→ Your assignment
Pictures are not part of the copy; reproduce the remaining data exactly.

→ Given records
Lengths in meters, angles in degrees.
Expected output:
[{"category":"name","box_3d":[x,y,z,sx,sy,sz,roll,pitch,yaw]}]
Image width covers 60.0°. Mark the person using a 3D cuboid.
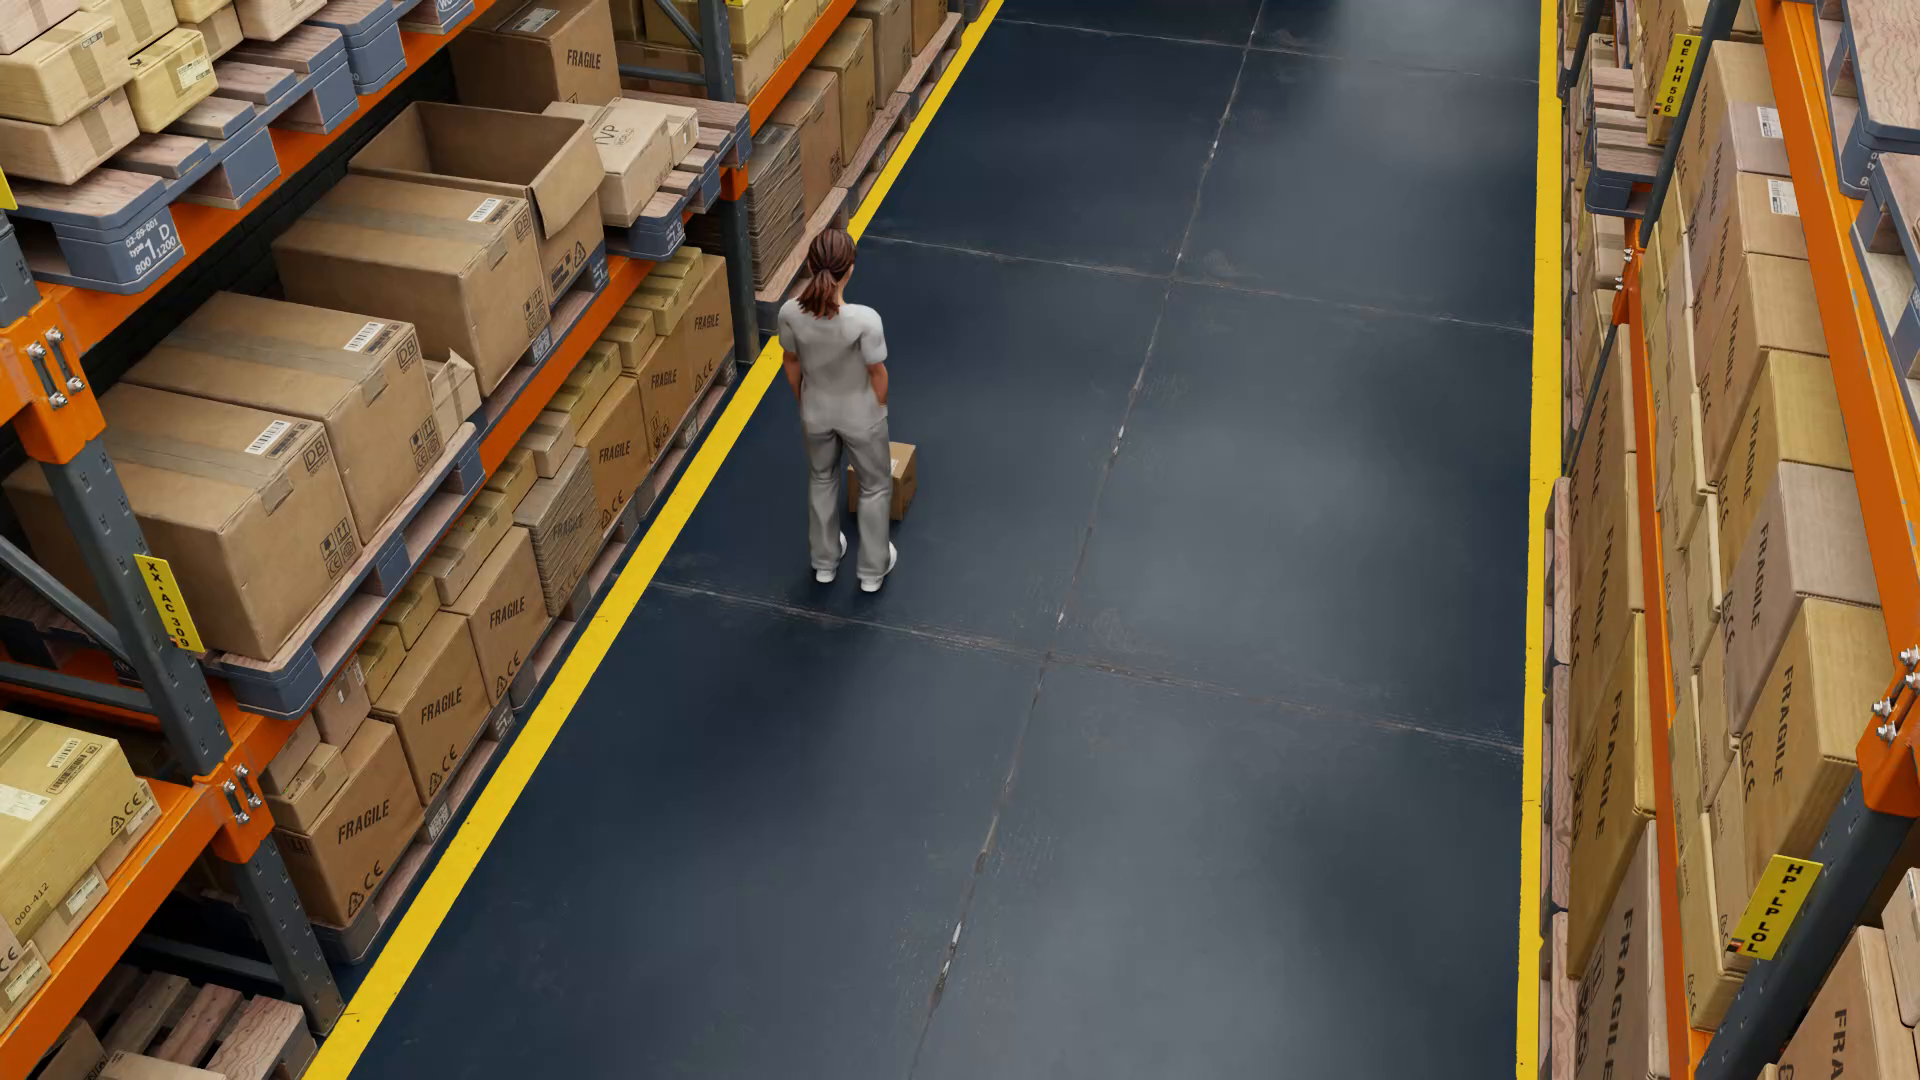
[{"category":"person","box_3d":[-0.496,-0.494,6.748,0.445,1.653,0.355,10,42,12]}]

→ Result of this exercise
Lengths in meters, angles in degrees.
Expected output:
[{"category":"name","box_3d":[x,y,z,sx,sy,sz,roll,pitch,yaw]}]
Image width covers 60.0°. Mark the person using a 3D cuboid.
[{"category":"person","box_3d":[-0.496,-0.494,6.748,0.445,1.653,0.355,10,42,12]}]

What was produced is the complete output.